DSP: The idea is to come together in an activity to highlight the importance of Section J, and the consequences of not paying attention to it and of not upholding the principles and the issues that are discussed, on one side, and on the other side we were able to start planning with Isis International how we worked together during this previous process and then during the Beijing + 20 discussions, in the sort of information and communication group that could really disseminate and work together to have the news and information that we need at other moments of this process throughout these 20 years. We came together with other organisations at the international level and we did cover the discussions of what was going on and being very active and so on. So I think other organisations will come in, but for the time being Isis International is one of our main partners. And UN Women is also interested in having – next February – the whole month dedicated to Section J and to promote the issues in Section J.So plans are that we will put Section J on the table again and do activities around it. It’s also time to bring young girls into the Section J discussion, especially because of technology.
JM: I recognise that Section J is critical for the realisation of all the other areas of concern. Also that in order to revive the women’s media pool, we could potentially have a few panels at the B+20 review, bring women from grassroots media movements together to cover B+20 in NY, linking B+20 review to grassroots media and solidarity with those not there, having a big Feminist Tech Exchange maybe around B+20, and a coverage shared globally. Also this goes back to APCs role since Beijing in 1995… it feels like we now have something to organise around.
FF: I remember Jan saying in the Gender Links presentation she made, that there has been a deprioritisation in any conversations around gender, media and ICTs. How can this make any sense, when we live in a reality that shows that this is a big issue? Because on one hand we are saying there is more recognition in general about tech-related violence against women, which also relates to the media issue, but on the other hand we see that practically those things are very deprioritised on the agenda. Why does that happen?
JM: I think it happens because there is an ‘immediacy’ that is felt when we talk about things like poverty, HIV and AIDS, militarisation etc. Media and ICTs are often seen as ‘soft’ issues – not even spoken about in relation to rights.

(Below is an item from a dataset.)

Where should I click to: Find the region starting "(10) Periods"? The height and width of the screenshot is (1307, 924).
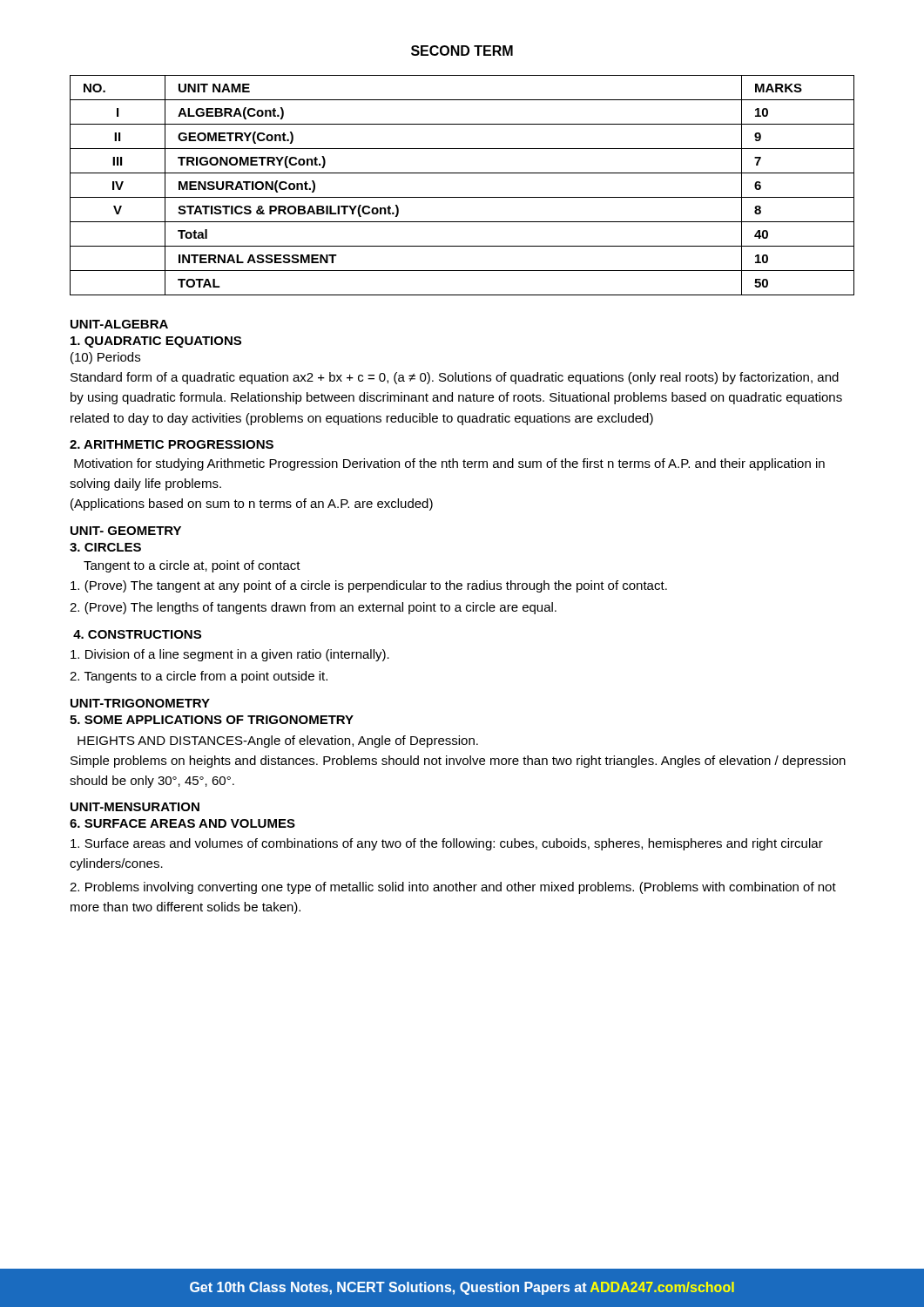pos(105,357)

DSP: Perhaps one of the things is that even in the women’s movement, people see technology as a tool, and they don’t take time to analyse the political and social meanings and relevance. Once they start doing that, then other things come up. But it has been difficult, we know very well even from our work, in all our work supporting women’s organisations, it was more the need to access and start using it as a tool than thinking about the politics and policies around it. I would say that is a big step that has to be made, and that perhaps can help to change the perspective in which we look at these things. I think it’s important to highlight Section J again, and we are also looking at the debate that’s taking place within Unesco and the global alliance of media, because take women in the media, even if there are more women than before, what about gender issues, what about the gender perspective? There’s still a lot to be done, but there are ways to work around this Section J so as to tell these women in the media, ok here we have agreements by governments and so on, and we should try to work with them, taking women into account, and so on. So I think that’s also a task.